TERRENCE L. O’BRIEN, Circuit Judge.

Espinoza-Aguilar seeks to appeal from the district court’s order partially denying his 28 U.S.C. § 2255 motion to vacate, set aside, or correct his sentence. 1 Acting pro se, he contends (1) he was denied effective assistance of counsel; (2) he was entitled to a new presentence report and sentencing hearing; and (3) the district court failed to rule on all of the issues he raised in his motion. With respect to the first two issues, we deny his application for a certificate of appealability (COA) and dismiss those claims. With respect to the third issue, we grant a COA and affirm.

*665 BACKGROUND AND PROCEDURAL HISTORY

Espinoza-Aguilar was convicted on April 14, 2009, following a jury trial in the U.S. District Court for the District of Wyoming, on two counts relating to the distribution of methamphetamine.
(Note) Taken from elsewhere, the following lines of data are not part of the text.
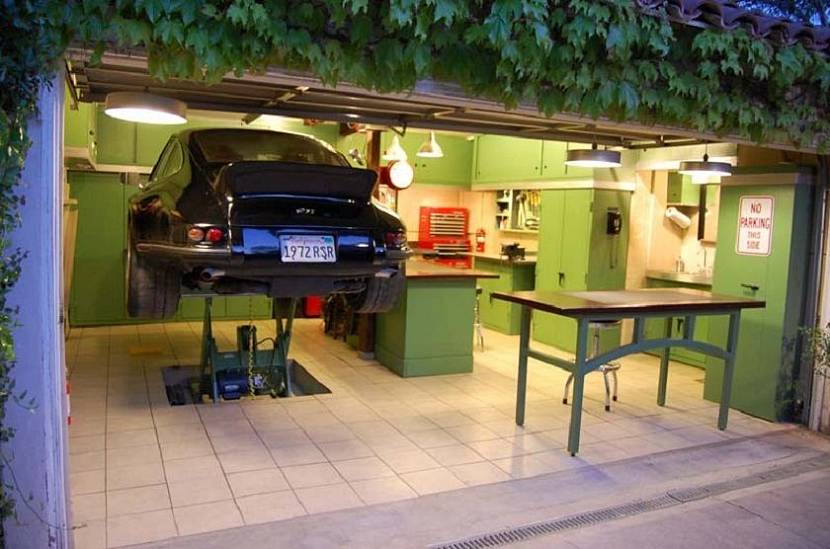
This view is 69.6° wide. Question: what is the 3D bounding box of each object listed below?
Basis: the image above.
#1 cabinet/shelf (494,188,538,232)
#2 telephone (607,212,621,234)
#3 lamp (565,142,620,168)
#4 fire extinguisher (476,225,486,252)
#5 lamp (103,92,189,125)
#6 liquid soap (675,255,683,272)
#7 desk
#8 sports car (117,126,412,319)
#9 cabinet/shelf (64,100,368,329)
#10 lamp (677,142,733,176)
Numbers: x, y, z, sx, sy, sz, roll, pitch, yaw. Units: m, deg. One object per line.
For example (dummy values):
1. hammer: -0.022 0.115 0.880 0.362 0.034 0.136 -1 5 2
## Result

The indictment on which he was convicted and sentenced charged him with one count of conspiracy to possess with intent to distribute, and to distribute, methamphetamine 2 as well as one count of conducting a continuing criminal enterprise (CCE). 3 He was sentenced to 384 months imprisonment. He then appealed from his conviction and sentence claiming he was denied effective assistance of counsel. United States v. Espinoza-Aguilar, 390 Fed.Appx. 801 (10th Cir.2010). As ineffective assistance of counsel claims should almost always be raised in a § 2255 motion, we dismissed the appeal. Id. at 802-03. 4 He then filed this § 2255 motion, which advances ineffective assistance of counsel claims against his trial counsel and appellate counsel.

The district court agreed with one of his arguments — his trial counsel was ineffective in failing to argue that the conspiracy charge was a lesser-inelucled offense of the CCE charge — and vacated the sentence on the conspiracy charge. Because his original sentence imposed concurrent terms of incarceration on both charges, the court did not change his prison term but did relieve him of ten years of supervised release and a $100 special assessment.
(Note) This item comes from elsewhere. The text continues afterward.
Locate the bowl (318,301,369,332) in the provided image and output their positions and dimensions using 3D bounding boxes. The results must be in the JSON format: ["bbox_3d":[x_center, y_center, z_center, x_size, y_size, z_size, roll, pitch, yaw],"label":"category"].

The court did not address all of his other arguments but rejected those it did consider. It denied his request for a COA, however it permitted him to proceed on appeal without prepayment of fees, i.e., in forma pauperis (ifp).

DISCUSSION

A COA is a jurisdictional prerequisite to our review of a motion for relief under 28 U.S.C. § 2255. 28 U.S.C. § 2253(c); see Miller-El v. Cockrell, 537 U.S. 322, 335-36, 123 S.Ct. 1029, 154 L.Ed.2d 931 (2003). Ordinarily, we issue a COA “only if the applicant has made a substantial showing of the denial of a constitutional right.” 28 U.S.C. § 2253(c)(2). To make such a showing, an applicant must demonstrate “that reasonable jurists could debate whether (or, for that matter, agree that) the petition should have been resolved in a different manner or that the issues presented were adequate to deserve encouragement to proceed further.” Slack v. McDaniel, 529 U.S. 473, 484, 120 S.Ct. 1595, 146 L.Ed.2d 542 (2000) (quotations omitted). In evaluating whether an applicant has satisfied this burden, we undertake “a preliminary, though not definitive, consideration of the [legal] framework” applicable to each of his claims. Miller-El, 537 U.S. at 338, 123 S.Ct. 1029.

We agree with Espinoza-Aguilar that the district court failed to rule on one of the issues raised in his § 2255 motion. We grant the COA only with respect to that issue.

A. Ineffective Assistance of Counsel

Espinoza-Aguilar contends the district court erred in (1) denying his request for an evidentiary hearing as to whether his *666 trial counsel had a conflict of interest; (2) concluding trial counsel had not conceded his guilt to the jury; (3) concluding trial counsel did not fail to raise a colorable statute of limitations defense; and (4) concluding trial counsel did not fail to raise a plausible Blakely 5 /Booker 6 objection to the CCE charge.

To demonstrate ineffectiveness of counsel, the defendant must generally show how counsel’s performance fell below an objective standard of reasonableness and how that deficient performance was prejudicial. Uni ted States v. Lopez, 100 F.3d 113, 117-18 (10th Cir.1996). We review claims of ineffective assistance de novo. Id.

1. Evidentiary Hearing

Prior to trial, defense counsel provided Espinoza-Aguilar with certain discovery documents in violation of the district court’s order. After a co-defendant complained of threats from Espinoza-Aguilar, officials searched Espinoza-Aguilar’s jail cell and discovered the documents. According to Espinoza-Aguilar, his trial counsel’s fear of sanctions for her violation caused his representation to be deficient. He included an affidavit from his wife with his § 2255 motion; it stated defense counsel was “hysterical” about a government threat to “file contempt charges against her.” (R. Vol. II at 59.)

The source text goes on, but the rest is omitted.